Tax on Medical Device Companies. Each manufacturer or importer of human medical devices must pay a manufacturer’s excise tax of 2.3 percent of total sales of such products. This provision is applicable for sales in calendar year 2013 and subsequent years. The tax is imposed on total sales, not just those to government buyers. Items excluded from the tax are eyeglasses and contact lenses, hearing aids, and other devices determined by the Secretary of the Treasury to be generally purchased at retail by the general public for individual use. The scope of this exclusion was narrowed in the reconciliation process. Before amendment by reconciliation, automatic exclusions from the tax were provided for Class I devices as well as Class II devices primarily sold at retail to consumers for less than $100 per unit. As amended, the only items automatically excluded are eyeglasses, contact lenses, and hearing aids; guidance will be needed from Treasury to exclude other items. The reconciliation act also removed a provision prohibiting the manufacturer from deducting the tax payment in computing its own income taxes.

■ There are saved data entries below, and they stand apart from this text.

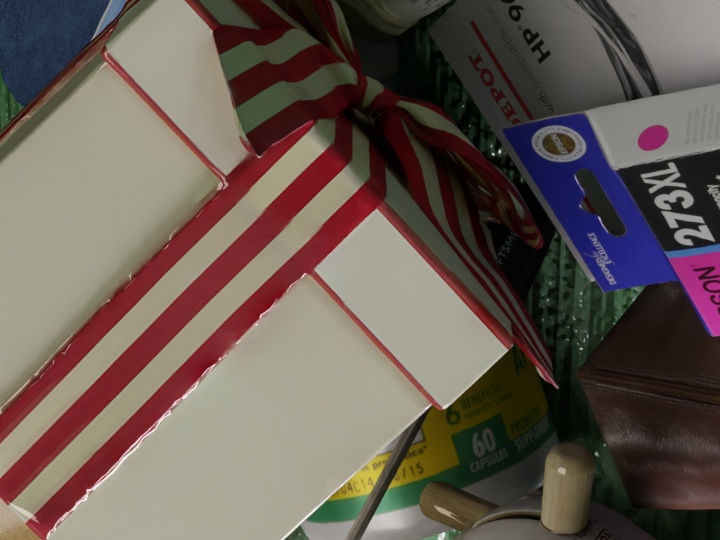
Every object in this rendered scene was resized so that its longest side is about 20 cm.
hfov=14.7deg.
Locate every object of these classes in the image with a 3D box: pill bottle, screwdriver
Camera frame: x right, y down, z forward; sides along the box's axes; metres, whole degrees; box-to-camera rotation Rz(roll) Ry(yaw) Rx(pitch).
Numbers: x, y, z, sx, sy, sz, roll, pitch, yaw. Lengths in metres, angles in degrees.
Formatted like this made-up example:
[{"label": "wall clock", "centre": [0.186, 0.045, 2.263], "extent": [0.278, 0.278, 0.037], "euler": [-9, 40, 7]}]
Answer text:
[{"label": "pill bottle", "centre": [0.000, 0.000, 1.106], "extent": [0.112, 0.112, 0.201], "euler": [-10, 101, 46]}, {"label": "screwdriver", "centre": [0.022, 0.046, 1.029], "extent": [0.029, 0.200, 0.028], "euler": [43, 151, -15]}]

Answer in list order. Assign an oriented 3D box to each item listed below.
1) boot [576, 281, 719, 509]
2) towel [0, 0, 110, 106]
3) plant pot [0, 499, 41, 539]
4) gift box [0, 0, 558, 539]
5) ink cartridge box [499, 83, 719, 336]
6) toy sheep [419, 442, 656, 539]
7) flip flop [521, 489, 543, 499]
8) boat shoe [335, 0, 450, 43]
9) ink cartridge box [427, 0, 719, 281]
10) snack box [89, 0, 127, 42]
[{"label": "boot", "centre": [0.151, 0.089, 0.984], "extent": [0.199, 0.064, 0.188], "euler": [5, 75, 47]}, {"label": "towel", "centre": [-0.079, -0.139, 1.146], "extent": [0.199, 0.048, 0.112], "euler": [-19, 72, 45]}, {"label": "plant pot", "centre": [-0.125, 0.085, 1.245], "extent": [0.199, 0.186, 0.187], "euler": [-15, 99, 31]}, {"label": "gift box", "centre": [-0.047, 0.002, 0.951], "extent": [0.187, 0.200, 0.185], "euler": [-43, 105, 8]}, {"label": "ink cartridge box", "centre": [0.152, -0.025, 0.925], "extent": [0.199, 0.037, 0.095], "euler": [-8, 138, 28]}, {"label": "toy sheep", "centre": [0.064, 0.148, 1.022], "extent": [0.137, 0.138, 0.201], "euler": [28, 134, 33]}, {"label": "flip flop", "centre": [0.121, 0.146, 1.091], "extent": [0.199, 0.057, 0.082], "euler": [22, 124, 28]}, {"label": "boat shoe", "centre": [0.004, -0.187, 1.037], "extent": [0.066, 0.074, 0.201], "euler": [-22, 77, 27]}, {"label": "ink cartridge box", "centre": [0.105, -0.077, 0.997], "extent": [0.116, 0.068, 0.200], "euler": [57, 138, 8]}, {"label": "snack box", "centre": [-0.106, -0.041, 1.122], "extent": [0.200, 0.024, 0.072], "euler": [122, 145, -43]}]
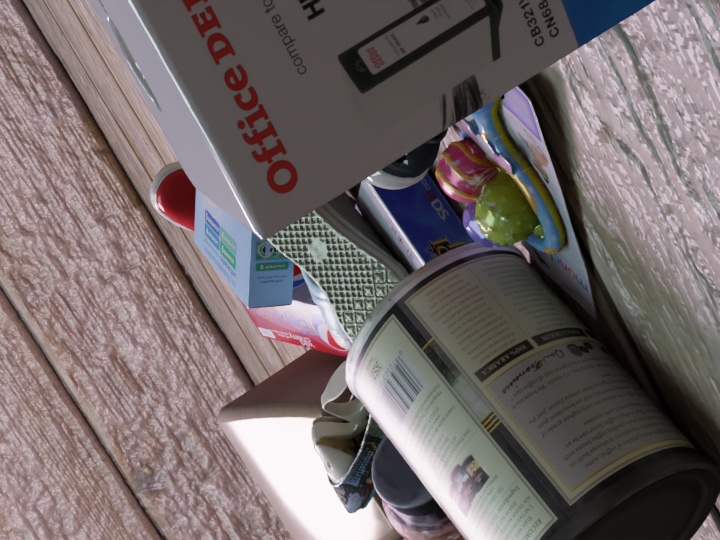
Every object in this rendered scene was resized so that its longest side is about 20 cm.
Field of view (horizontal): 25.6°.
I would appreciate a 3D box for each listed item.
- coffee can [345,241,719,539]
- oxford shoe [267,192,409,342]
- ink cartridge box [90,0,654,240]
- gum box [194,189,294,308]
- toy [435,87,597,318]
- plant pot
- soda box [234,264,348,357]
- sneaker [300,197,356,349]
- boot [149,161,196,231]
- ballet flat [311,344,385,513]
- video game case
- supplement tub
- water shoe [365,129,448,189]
[{"bbox_3d":[0.103,0.100,0.985,0.200,0.146,0.146,51,168,32],"label":"coffee can"},{"bbox_3d":[0.000,0.000,1.186,0.200,0.075,0.058,47,-150,13],"label":"oxford shoe"},{"bbox_3d":[0.000,-0.127,0.635,0.146,0.200,0.084,62,169,-25],"label":"ink cartridge box"},{"bbox_3d":[-0.100,-0.091,1.384,0.170,0.044,0.200,-137,46,-61],"label":"gum box"},{"bbox_3d":[0.075,-0.054,0.930,0.115,0.047,0.200,51,168,40],"label":"toy"},{"bbox_3d":[0.020,0.156,1.463,0.200,0.200,0.177,58,158,-3],"label":"plant pot"},{"bbox_3d":[-0.023,0.030,1.427,0.200,0.070,0.063,11,137,51],"label":"soda box"},{"bbox_3d":[-0.021,-0.026,1.341,0.200,0.074,0.082,-114,2,-50],"label":"sneaker"},{"bbox_3d":[-0.099,-0.041,1.545,0.200,0.072,0.144,19,-167,-34],"label":"boot"},{"bbox_3d":[-0.005,0.119,1.286,0.074,0.074,0.200,50,135,36],"label":"ballet flat"},{"bbox_3d":[0.067,0.019,1.196,0.200,0.045,0.181,56,170,7],"label":"video game case"},{"bbox_3d":[0.087,0.186,1.289,0.107,0.107,0.200,49,-174,38],"label":"supplement tub"},{"bbox_3d":[-0.004,-0.149,1.024,0.200,0.071,0.079,56,142,14],"label":"water shoe"}]

Disclosure of Hospital and Physician Payments. Effective in 2013 for payments made in calendar year 2012, manufacturers, marketers, or distributors of drugs, devices, biologicals, or medical supplies covered by Medicare or Medicaid must disclose payments to physicians and teaching hospitals. These payments must be reported on an annual basis to HHS (by March 31 for the previous calendar year). The manufacturer must make the information publicly available on a website, in electronic and easily manipulable form, by June 30 for the previous calendar year (September 30 in 2013). Manufacturers that are not publicly traded, and physician-owned group purchasing organizations, are also required to disclose details of their ownership by physicians. Procedures for disclosure are to be in place by October 1, 2011.
Payments for the following items would be reportable: research; grants; consulting fees; other compensation for services; honoraria; gifts; entertainment; food; travel; education funding; royalties or licenses; charitable contributions; and current or prospective ownership or investment interests. Indirect payments (payments to an entity or individual at the request of, or designated on behalf of, a covered recipient) would also have to be reported, in the covered recipient’s name. Payments consisting of loan of a device for evaluation; discounts and rebates; in-kind items used for the provision of charity care; product samples; educational materials for patient use; payments for health services to manufacturer’s employees under self-insured plan; and payments to physicians for services with respect to civil or criminal action or administrative proceeding would not have to be reported. Payments below $10 would not have to be reported so long as total payments to that recipient for the year did not exceed $100. If a payment is related to a specific drug, device, biological, or medical supply item, the name of the item must be reported. The Reform Act includes some provisions for delayed reporting if the payments are for the development of a new item or for clinical investigation.
The legislation preempts similar state reporting laws that require reporting of transfers valued at less than $10, as well as those that are identical to the federal reporting requirements. Those state laws that require additional reporting by other types of entities or disclosure of information not covered by the Reform Act are not preempted. Civil money penalties can be imposed for violations.
Biosimilars. Finally, the Reform Act contains provisions intended to stimulate innovation and price competition for biologics. The Reform Act provides a twelve-year period of exclusivity for an original biological product. It further provides a mechanism for the licensure of biosimilar follow-on products following the expiration of the original product’s exclusivity. The first biosimilar product that is interchangeable with the original product has a short period of exclusivity.